[Stored items]
= = = =
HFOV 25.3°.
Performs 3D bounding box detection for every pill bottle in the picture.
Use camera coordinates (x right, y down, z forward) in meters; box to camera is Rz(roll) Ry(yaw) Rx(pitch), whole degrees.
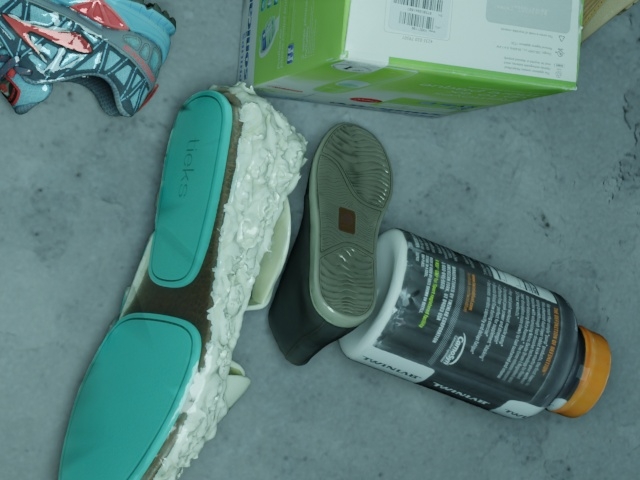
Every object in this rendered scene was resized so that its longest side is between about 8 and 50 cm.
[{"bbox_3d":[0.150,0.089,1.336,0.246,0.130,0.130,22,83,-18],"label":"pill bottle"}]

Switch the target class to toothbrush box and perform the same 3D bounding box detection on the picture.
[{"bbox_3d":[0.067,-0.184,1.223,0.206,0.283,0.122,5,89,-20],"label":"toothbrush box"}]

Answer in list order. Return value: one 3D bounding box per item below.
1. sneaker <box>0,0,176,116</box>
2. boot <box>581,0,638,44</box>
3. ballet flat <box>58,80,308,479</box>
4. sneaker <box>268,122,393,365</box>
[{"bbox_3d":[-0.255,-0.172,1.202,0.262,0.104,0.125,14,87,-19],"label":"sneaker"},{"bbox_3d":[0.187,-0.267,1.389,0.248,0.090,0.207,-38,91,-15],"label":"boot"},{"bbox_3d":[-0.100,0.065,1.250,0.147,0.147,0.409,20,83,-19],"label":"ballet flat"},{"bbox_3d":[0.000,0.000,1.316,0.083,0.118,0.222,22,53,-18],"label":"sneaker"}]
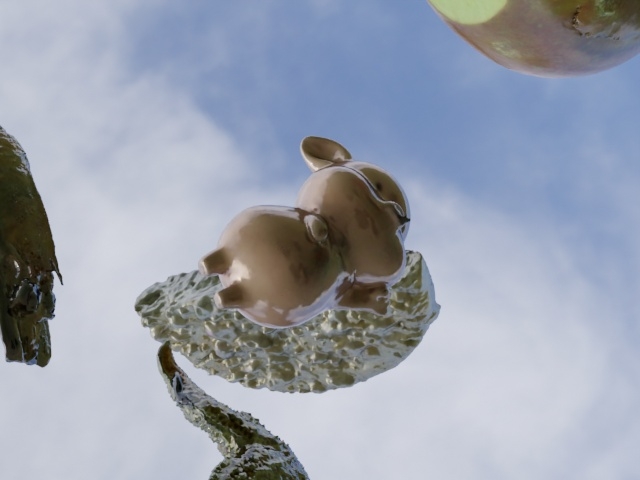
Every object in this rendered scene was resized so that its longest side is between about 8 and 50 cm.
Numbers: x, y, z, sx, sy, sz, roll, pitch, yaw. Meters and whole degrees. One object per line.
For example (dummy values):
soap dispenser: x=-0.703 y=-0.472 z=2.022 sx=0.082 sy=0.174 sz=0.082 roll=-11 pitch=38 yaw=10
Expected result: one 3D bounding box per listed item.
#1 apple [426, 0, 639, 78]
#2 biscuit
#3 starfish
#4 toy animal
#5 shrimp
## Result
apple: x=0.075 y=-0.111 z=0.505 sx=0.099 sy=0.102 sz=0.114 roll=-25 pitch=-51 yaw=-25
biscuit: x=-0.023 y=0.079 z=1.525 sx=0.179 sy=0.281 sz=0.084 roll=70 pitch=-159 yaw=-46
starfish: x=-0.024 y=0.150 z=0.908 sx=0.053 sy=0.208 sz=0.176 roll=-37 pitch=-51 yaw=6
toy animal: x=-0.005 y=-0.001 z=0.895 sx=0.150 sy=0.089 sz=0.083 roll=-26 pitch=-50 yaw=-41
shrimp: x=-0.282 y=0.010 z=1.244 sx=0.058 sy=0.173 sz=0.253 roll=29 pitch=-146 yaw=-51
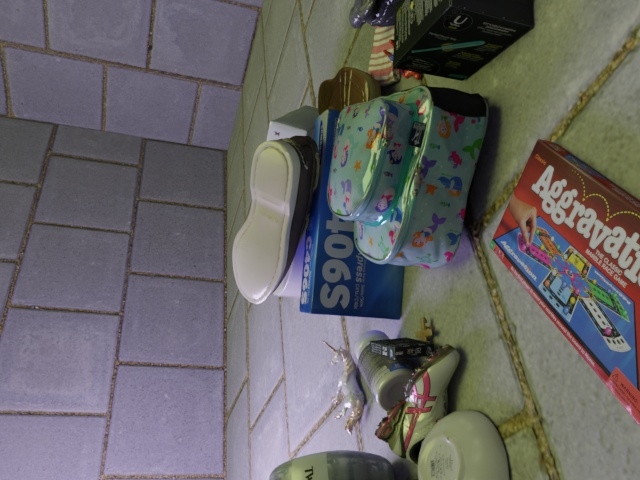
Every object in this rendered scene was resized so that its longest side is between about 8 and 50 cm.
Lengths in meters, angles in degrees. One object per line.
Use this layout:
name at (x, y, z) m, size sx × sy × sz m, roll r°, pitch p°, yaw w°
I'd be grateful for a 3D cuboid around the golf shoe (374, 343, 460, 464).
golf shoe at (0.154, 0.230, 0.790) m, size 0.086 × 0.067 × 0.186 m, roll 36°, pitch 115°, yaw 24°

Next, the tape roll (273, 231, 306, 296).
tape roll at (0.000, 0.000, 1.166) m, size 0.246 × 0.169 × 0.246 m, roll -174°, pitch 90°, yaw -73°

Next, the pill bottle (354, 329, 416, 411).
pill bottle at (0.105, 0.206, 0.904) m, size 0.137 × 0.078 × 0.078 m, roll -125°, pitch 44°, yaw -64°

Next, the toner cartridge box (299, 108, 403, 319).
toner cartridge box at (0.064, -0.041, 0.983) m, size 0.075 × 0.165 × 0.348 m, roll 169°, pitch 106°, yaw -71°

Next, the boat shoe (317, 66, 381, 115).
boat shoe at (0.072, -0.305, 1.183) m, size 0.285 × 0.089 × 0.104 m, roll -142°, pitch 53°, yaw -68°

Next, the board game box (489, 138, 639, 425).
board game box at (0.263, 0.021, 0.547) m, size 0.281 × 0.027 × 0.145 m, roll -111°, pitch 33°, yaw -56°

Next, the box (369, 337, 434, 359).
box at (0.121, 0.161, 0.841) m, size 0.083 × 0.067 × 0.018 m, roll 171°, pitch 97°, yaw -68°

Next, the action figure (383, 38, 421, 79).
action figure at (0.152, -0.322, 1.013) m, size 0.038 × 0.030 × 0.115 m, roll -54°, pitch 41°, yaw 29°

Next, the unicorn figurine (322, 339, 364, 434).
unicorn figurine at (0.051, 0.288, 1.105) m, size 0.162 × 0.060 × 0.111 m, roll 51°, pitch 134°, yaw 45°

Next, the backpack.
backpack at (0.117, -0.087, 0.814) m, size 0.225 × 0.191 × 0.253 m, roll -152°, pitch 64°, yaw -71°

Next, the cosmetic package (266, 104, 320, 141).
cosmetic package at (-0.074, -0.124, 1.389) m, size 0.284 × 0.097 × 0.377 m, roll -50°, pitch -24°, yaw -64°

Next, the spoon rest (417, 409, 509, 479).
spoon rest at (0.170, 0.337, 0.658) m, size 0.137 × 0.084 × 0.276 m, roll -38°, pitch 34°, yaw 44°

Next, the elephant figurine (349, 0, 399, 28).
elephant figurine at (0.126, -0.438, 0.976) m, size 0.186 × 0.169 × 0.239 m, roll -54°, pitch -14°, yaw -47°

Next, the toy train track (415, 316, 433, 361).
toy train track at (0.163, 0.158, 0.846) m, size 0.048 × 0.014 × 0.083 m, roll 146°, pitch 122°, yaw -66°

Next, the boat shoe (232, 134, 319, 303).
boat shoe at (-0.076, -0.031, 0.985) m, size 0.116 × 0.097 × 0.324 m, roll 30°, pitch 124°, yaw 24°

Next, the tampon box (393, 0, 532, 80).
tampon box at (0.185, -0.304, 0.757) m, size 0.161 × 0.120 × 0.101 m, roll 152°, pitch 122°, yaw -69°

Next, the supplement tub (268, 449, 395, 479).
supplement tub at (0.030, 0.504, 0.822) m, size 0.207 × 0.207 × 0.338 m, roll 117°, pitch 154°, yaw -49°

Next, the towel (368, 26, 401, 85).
= = = =
• **Instructions to follow**:
Transcribe every record exactly and omit each image.

• **Solution to this exercise**:
HFOV 25.3°.
Performs 3D bounding box detection for every pill bottle in the picture.
Use camera coordinates (x right, y down, z forward) in meters; box to camera is Rz(roll) Ry(yaw) Rx(pitch), whole degrees.
Every object in this rendered scene was resized so that its longest side is between about 8 and 50 cm.
[{"bbox_3d":[0.150,0.089,1.336,0.246,0.130,0.130,22,83,-18],"label":"pill bottle"}]

Switch the target class to toothbrush box and perform the same 3D bounding box detection on the picture.
[{"bbox_3d":[0.067,-0.184,1.223,0.206,0.283,0.122,5,89,-20],"label":"toothbrush box"}]

Answer in list order. Return value: one 3D bounding box per item below.
1. sneaker <box>0,0,176,116</box>
2. boot <box>581,0,638,44</box>
3. ballet flat <box>58,80,308,479</box>
4. sneaker <box>268,122,393,365</box>
[{"bbox_3d":[-0.255,-0.172,1.202,0.262,0.104,0.125,14,87,-19],"label":"sneaker"},{"bbox_3d":[0.187,-0.267,1.389,0.248,0.090,0.207,-38,91,-15],"label":"boot"},{"bbox_3d":[-0.100,0.065,1.250,0.147,0.147,0.409,20,83,-19],"label":"ballet flat"},{"bbox_3d":[0.000,0.000,1.316,0.083,0.118,0.222,22,53,-18],"label":"sneaker"}]
Every object in this rendered scene was resized so that its longest side is between about 8 and 50 cm.
Numbers: x, y, z, sx, sy, sz, roll, pitch, yaw. Meters and whole degrees. One object per line.
For example (dummy values):
soap dispenser: x=-0.703 y=-0.472 z=2.022 sx=0.082 sy=0.174 sz=0.082 roll=-11 pitch=38 yaw=10
Expected result: one 3D bounding box per listed item.
#1 apple [426, 0, 639, 78]
#2 biscuit
#3 starfish
#4 toy animal
#5 shrimp
## Result
apple: x=0.075 y=-0.111 z=0.505 sx=0.099 sy=0.102 sz=0.114 roll=-25 pitch=-51 yaw=-25
biscuit: x=-0.023 y=0.079 z=1.525 sx=0.179 sy=0.281 sz=0.084 roll=70 pitch=-159 yaw=-46
starfish: x=-0.024 y=0.150 z=0.908 sx=0.053 sy=0.208 sz=0.176 roll=-37 pitch=-51 yaw=6
toy animal: x=-0.005 y=-0.001 z=0.895 sx=0.150 sy=0.089 sz=0.083 roll=-26 pitch=-50 yaw=-41
shrimp: x=-0.282 y=0.010 z=1.244 sx=0.058 sy=0.173 sz=0.253 roll=29 pitch=-146 yaw=-51
Every object in this rendered scene was resized so that its longest side is between about 8 and 50 cm.
Lengths in meters, angles in degrees. One object per line.
Use this layout:
name at (x, y, z) m, size sx × sy × sz m, roll r°, pitch p°, yaw w°
I'd be grateful for a 3D cuboid around the golf shoe (374, 343, 460, 464).
golf shoe at (0.154, 0.230, 0.790) m, size 0.086 × 0.067 × 0.186 m, roll 36°, pitch 115°, yaw 24°

Next, the tape roll (273, 231, 306, 296).
tape roll at (0.000, 0.000, 1.166) m, size 0.246 × 0.169 × 0.246 m, roll -174°, pitch 90°, yaw -73°

Next, the pill bottle (354, 329, 416, 411).
pill bottle at (0.105, 0.206, 0.904) m, size 0.137 × 0.078 × 0.078 m, roll -125°, pitch 44°, yaw -64°

Next, the toner cartridge box (299, 108, 403, 319).
toner cartridge box at (0.064, -0.041, 0.983) m, size 0.075 × 0.165 × 0.348 m, roll 169°, pitch 106°, yaw -71°

Next, the boat shoe (317, 66, 381, 115).
boat shoe at (0.072, -0.305, 1.183) m, size 0.285 × 0.089 × 0.104 m, roll -142°, pitch 53°, yaw -68°

Next, the board game box (489, 138, 639, 425).
board game box at (0.263, 0.021, 0.547) m, size 0.281 × 0.027 × 0.145 m, roll -111°, pitch 33°, yaw -56°

Next, the box (369, 337, 434, 359).
box at (0.121, 0.161, 0.841) m, size 0.083 × 0.067 × 0.018 m, roll 171°, pitch 97°, yaw -68°

Next, the action figure (383, 38, 421, 79).
action figure at (0.152, -0.322, 1.013) m, size 0.038 × 0.030 × 0.115 m, roll -54°, pitch 41°, yaw 29°

Next, the unicorn figurine (322, 339, 364, 434).
unicorn figurine at (0.051, 0.288, 1.105) m, size 0.162 × 0.060 × 0.111 m, roll 51°, pitch 134°, yaw 45°

Next, the backpack.
backpack at (0.117, -0.087, 0.814) m, size 0.225 × 0.191 × 0.253 m, roll -152°, pitch 64°, yaw -71°

Next, the cosmetic package (266, 104, 320, 141).
cosmetic package at (-0.074, -0.124, 1.389) m, size 0.284 × 0.097 × 0.377 m, roll -50°, pitch -24°, yaw -64°

Next, the spoon rest (417, 409, 509, 479).
spoon rest at (0.170, 0.337, 0.658) m, size 0.137 × 0.084 × 0.276 m, roll -38°, pitch 34°, yaw 44°

Next, the elephant figurine (349, 0, 399, 28).
elephant figurine at (0.126, -0.438, 0.976) m, size 0.186 × 0.169 × 0.239 m, roll -54°, pitch -14°, yaw -47°

Next, the toy train track (415, 316, 433, 361).
toy train track at (0.163, 0.158, 0.846) m, size 0.048 × 0.014 × 0.083 m, roll 146°, pitch 122°, yaw -66°

Next, the boat shoe (232, 134, 319, 303).
boat shoe at (-0.076, -0.031, 0.985) m, size 0.116 × 0.097 × 0.324 m, roll 30°, pitch 124°, yaw 24°

Next, the tampon box (393, 0, 532, 80).
tampon box at (0.185, -0.304, 0.757) m, size 0.161 × 0.120 × 0.101 m, roll 152°, pitch 122°, yaw -69°

Next, the supplement tub (268, 449, 395, 479).
supplement tub at (0.030, 0.504, 0.822) m, size 0.207 × 0.207 × 0.338 m, roll 117°, pitch 154°, yaw -49°

Next, the towel (368, 26, 401, 85).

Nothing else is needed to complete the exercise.